PATIENTS AND METHODS:
One hundred four patients with benign esophageal disease who underwent esophageal reconstruction over a 21-year period (1975 to 1996) were reviewed retrospectively. Dysphagia was the major symptom driving surgery in 80% of the patients. Colon was used to reconstruct the esophagus in 85 patients; stomach, in 10 patients; and jejunum, in 9 patients. Forty-two patients who had lived with their reconstruction for 1 year or more answered a postoperative questionnaire concerning their long-term functional outcome.
RESULTS:
In the 104 patients, the primary underlying abnormality leading to esophageal replacement was end-stage gastroesophageal reflux (37 patients), an advanced motility disorder (37 patients), traumatic, iatrogenic or spontaneous perforation (15 patients), corrosive injury (8 patients), congenital abnormality (6 patients), or extensive leiomyoma (1 patient). Ninety-eight percent of patients reported that the operation had cured or improved the symptom driving surgery. Ninety-three percent were satisfied with the outcome of the operation. The overall hospital mortality rate was 2%, and the median hospital stay was 17 days. Graft necrosis occurred in 3% of patients, and anastomotic leak occurred in 6% of patients (or 2% of the total number of anastomoses).
CONCLUSIONS:
Esophageal replacement for benign disease can be accomplished with a low mortality rate and a marked improvement in alimentation. Reconstruction restores the pleasure of eating and is viewed by the patient to be highly successful.

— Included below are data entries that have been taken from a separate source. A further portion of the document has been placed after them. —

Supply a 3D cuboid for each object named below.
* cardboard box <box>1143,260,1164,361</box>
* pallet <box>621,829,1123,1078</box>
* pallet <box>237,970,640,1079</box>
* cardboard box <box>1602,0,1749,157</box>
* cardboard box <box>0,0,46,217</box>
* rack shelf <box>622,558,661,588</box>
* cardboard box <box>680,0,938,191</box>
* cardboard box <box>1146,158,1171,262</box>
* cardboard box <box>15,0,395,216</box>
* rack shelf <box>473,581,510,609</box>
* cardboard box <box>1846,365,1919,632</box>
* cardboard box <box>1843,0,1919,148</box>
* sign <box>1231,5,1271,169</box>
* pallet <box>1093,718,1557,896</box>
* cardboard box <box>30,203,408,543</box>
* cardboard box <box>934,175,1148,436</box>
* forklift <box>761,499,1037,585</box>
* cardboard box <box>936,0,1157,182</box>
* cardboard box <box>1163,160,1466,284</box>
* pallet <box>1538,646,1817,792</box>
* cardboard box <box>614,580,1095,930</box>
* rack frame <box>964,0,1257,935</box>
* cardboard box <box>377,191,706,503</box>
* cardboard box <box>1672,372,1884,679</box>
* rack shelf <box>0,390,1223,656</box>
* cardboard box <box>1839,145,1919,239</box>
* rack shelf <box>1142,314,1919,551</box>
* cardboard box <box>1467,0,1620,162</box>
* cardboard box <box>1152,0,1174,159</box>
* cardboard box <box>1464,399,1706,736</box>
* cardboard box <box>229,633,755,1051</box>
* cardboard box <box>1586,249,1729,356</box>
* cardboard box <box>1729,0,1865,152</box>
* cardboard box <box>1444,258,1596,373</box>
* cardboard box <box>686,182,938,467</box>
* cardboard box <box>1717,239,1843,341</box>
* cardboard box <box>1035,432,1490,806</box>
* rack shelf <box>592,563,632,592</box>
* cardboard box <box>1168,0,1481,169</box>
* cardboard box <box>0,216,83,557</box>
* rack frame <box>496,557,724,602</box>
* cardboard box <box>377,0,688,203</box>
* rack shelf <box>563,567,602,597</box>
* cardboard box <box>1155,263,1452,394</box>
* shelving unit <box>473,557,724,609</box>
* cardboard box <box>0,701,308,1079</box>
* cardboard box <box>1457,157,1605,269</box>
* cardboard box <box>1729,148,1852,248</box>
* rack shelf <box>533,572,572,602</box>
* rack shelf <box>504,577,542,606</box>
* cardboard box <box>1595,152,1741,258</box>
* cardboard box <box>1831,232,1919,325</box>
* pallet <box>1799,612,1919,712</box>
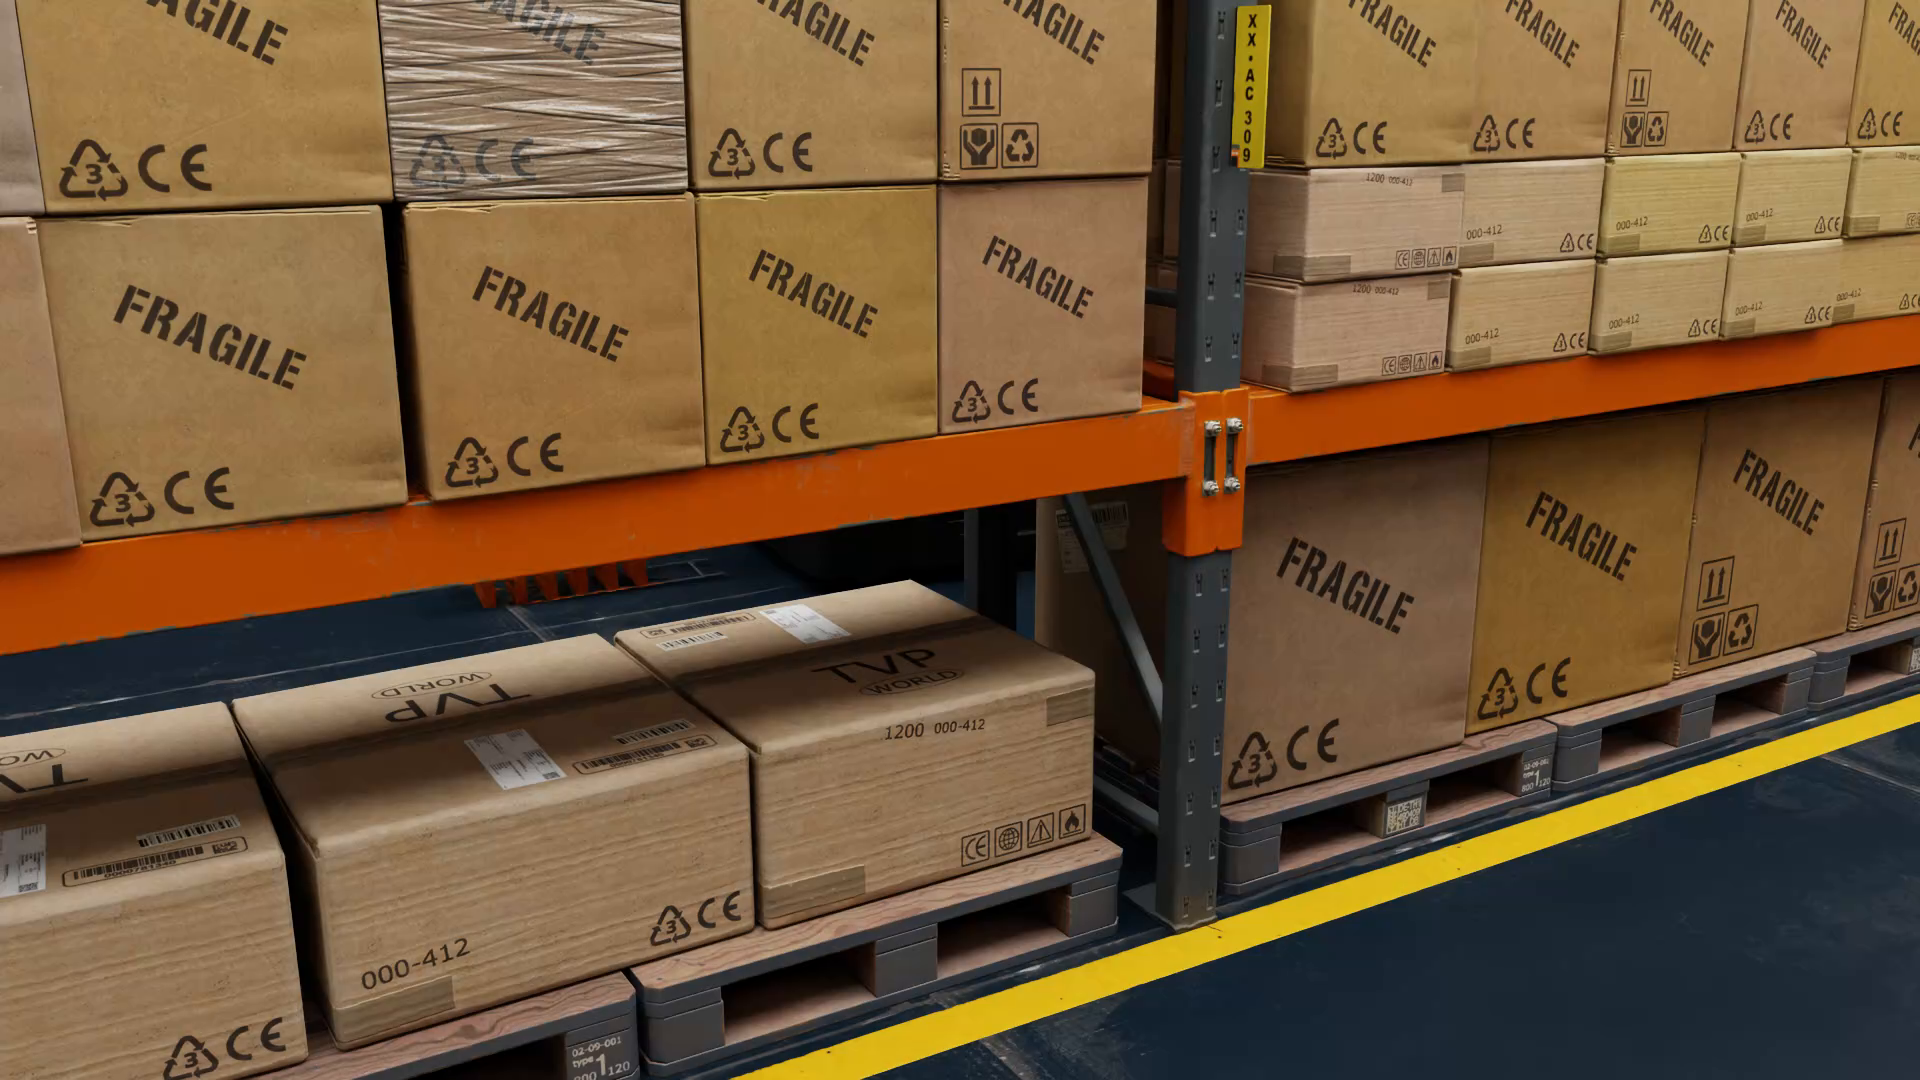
[{"bbox_3d":[0.573,-0.664,4.498,0.500,0.250,0.500,-10,18,-31],"label":"cardboard box"},{"bbox_3d":[-0.374,0.815,4.112,1.213,0.211,1.003,-9,18,-30],"label":"pallet"},{"bbox_3d":[-1.421,0.986,3.503,1.213,0.211,1.003,-9,18,-30],"label":"pallet"},{"bbox_3d":[1.696,-1.286,4.402,0.500,0.500,0.500,-10,18,-31],"label":"cardboard box"},{"bbox_3d":[-1.676,-0.737,2.442,0.500,0.500,0.500,-9,18,-30],"label":"cardboard box"},{"bbox_3d":[-1.309,0.066,6.785,0.103,0.180,0.258,-9,19,-24],"label":"rack shelf"},{"bbox_3d":[-0.383,-0.947,3.192,0.500,0.500,0.500,-10,18,-31],"label":"cardboard box"},{"bbox_3d":[0.571,-0.901,4.420,0.500,0.250,0.500,-9,18,-30],"label":"cardboard box"},{"bbox_3d":[-1.249,-0.806,2.690,0.500,0.500,0.500,-9,18,-29],"label":"cardboard box"},{"bbox_3d":[-1.853,0.151,6.546,0.103,0.180,0.258,-9,19,-24],"label":"rack shelf"},{"bbox_3d":[3.112,-0.274,5.987,0.875,0.875,0.875,-9,18,-30],"label":"cardboard box"},{"bbox_3d":[2.574,-1.428,4.908,0.500,0.500,0.500,-9,18,-30],"label":"cardboard box"},{"bbox_3d":[0.605,-0.942,3.463,0.005,0.325,0.100,-9,18,-30],"label":"sign"},{"bbox_3d":[0.941,0.603,4.869,1.213,0.211,1.003,-9,18,-30],"label":"pallet"},{"bbox_3d":[-1.266,-0.325,2.825,0.500,0.500,0.500,-9,18,-28],"label":"cardboard box"},{"bbox_3d":[0.052,-0.540,3.593,0.500,0.500,0.500,-9,18,-29],"label":"cardboard box"},{"bbox_3d":[0.562,-1.484,7.274,3.031,2.935,1.130,-7,17,-25],"label":"forklift"},{"bbox_3d":[0.056,-1.015,3.437,0.500,0.500,0.500,-9,18,-30],"label":"cardboard box"},{"bbox_3d":[0.840,-0.780,3.986,0.500,0.250,0.500,-10,18,-31],"label":"cardboard box"},{"bbox_3d":[1.987,0.432,5.478,1.213,0.211,1.003,-9,18,-30],"label":"pallet"},{"bbox_3d":[-0.276,0.479,4.114,0.875,0.438,0.875,-10,18,-31],"label":"cardboard box"},{"bbox_3d":[0.318,-0.615,4.048,0.127,3.000,1.000,-9,18,-30],"label":"rack frame"},{"bbox_3d":[-0.810,-0.394,3.072,0.500,0.500,0.500,-10,18,-31],"label":"cardboard box"},{"bbox_3d":[2.345,-0.151,5.549,0.875,0.875,0.875,-9,18,-29],"label":"cardboard box"},{"bbox_3d":[-1.396,0.009,3.153,4.000,0.370,1.077,-9,18,-30],"label":"rack shelf"},{"bbox_3d":[2.596,-1.066,5.006,0.500,0.250,0.500,-10,18,-31],"label":"cardboard box"},{"bbox_3d":[2.032,-0.547,5.137,4.000,0.370,1.077,-9,18,-30],"label":"rack shelf"},{"bbox_3d":[1.265,-1.217,4.155,0.500,0.500,0.500,-9,18,-30],"label":"cardboard box"},{"bbox_3d":[0.572,-1.265,4.328,0.500,0.500,0.500,-9,18,-28],"label":"cardboard box"},{"bbox_3d":[1.578,-0.027,5.106,0.875,0.875,0.875,-9,18,-28],"label":"cardboard box"},{"bbox_3d":[-1.043,0.603,3.670,0.875,0.438,0.875,-10,18,-31],"label":"cardboard box"},{"bbox_3d":[1.721,-0.683,4.567,0.500,0.250,0.500,-9,18,-30],"label":"cardboard box"},{"bbox_3d":[2.136,-1.359,4.664,0.500,0.500,0.500,-10,18,-31],"label":"cardboard box"},{"bbox_3d":[1.274,-0.616,4.326,0.500,0.250,0.500,-10,18,-31],"label":"cardboard box"},{"bbox_3d":[-0.386,-0.467,3.334,0.500,0.500,0.500,-10,18,-31],"label":"cardboard box"},{"bbox_3d":[2.155,-0.750,4.807,0.500,0.250,0.500,-10,18,-31],"label":"cardboard box"},{"bbox_3d":[0.808,0.101,4.651,0.875,0.875,0.875,-9,18,-28],"label":"cardboard box"},{"bbox_3d":[-1.418,0.083,6.737,0.103,0.180,0.258,-9,19,-24],"label":"rack shelf"},{"bbox_3d":[0.843,-1.140,3.880,0.500,0.500,0.500,-9,18,-29],"label":"cardboard box"},{"bbox_3d":[-1.687,-0.251,2.563,0.500,0.500,0.500,-9,18,-30],"label":"cardboard box"},{"bbox_3d":[-1.565,0.194,6.699,1.200,0.006,0.240,-9,19,-24],"label":"rack frame"},{"bbox_3d":[-0.815,-0.874,2.932,0.500,0.500,0.500,-9,18,-29],"label":"cardboard box"},{"bbox_3d":[-1.527,0.100,6.690,0.103,0.180,0.258,-9,19,-24],"label":"rack shelf"},{"bbox_3d":[0.831,-0.543,4.068,0.500,0.250,0.500,-10,18,-31],"label":"cardboard box"},{"bbox_3d":[-1.567,0.107,6.672,1.200,0.189,0.258,-9,19,-24],"label":"shelving unit"},{"bbox_3d":[-1.816,0.728,3.224,0.875,0.438,0.875,-9,18,-28],"label":"cardboard box"},{"bbox_3d":[1.273,-0.859,4.268,0.500,0.250,0.500,-9,18,-29],"label":"cardboard box"},{"bbox_3d":[2.151,-0.994,4.748,0.500,0.250,0.500,-10,18,-31],"label":"cardboard box"},{"bbox_3d":[-1.635,0.117,6.642,0.103,0.180,0.258,-9,19,-24],"label":"rack shelf"},{"bbox_3d":[-1.744,0.134,6.594,0.103,0.180,0.258,-9,19,-24],"label":"rack shelf"},{"bbox_3d":[1.719,-0.923,4.496,0.500,0.250,0.500,-9,18,-29],"label":"cardboard box"},{"bbox_3d":[2.577,-0.828,5.084,0.500,0.250,0.500,-9,18,-30],"label":"cardboard box"},{"bbox_3d":[3.032,0.263,6.079,1.213,0.211,1.003,-9,18,-30],"label":"pallet"}]

AuthorsT J Watson, T R DeMeester, W K Kauer, J H Peters, J A Hagen
JournalThe Journal of thoracic and cardiovascular surgery (J Thorac Cardiovasc Surg) Vol. 115 Issue 6 Pg. 1241-7; discussion 1247-9 (Jun 1998) ISSN: 0022-5223 [Print] United States
PMID9628664 (Publication Type: Journal Article)
Topics
  • Adolescent
  • Adult
  • Aged
  • Anastomosis, Surgical
  • Child
  • Colon (transplantation)
  • Deglutition Disorders (mortality, physiopathology, surgery)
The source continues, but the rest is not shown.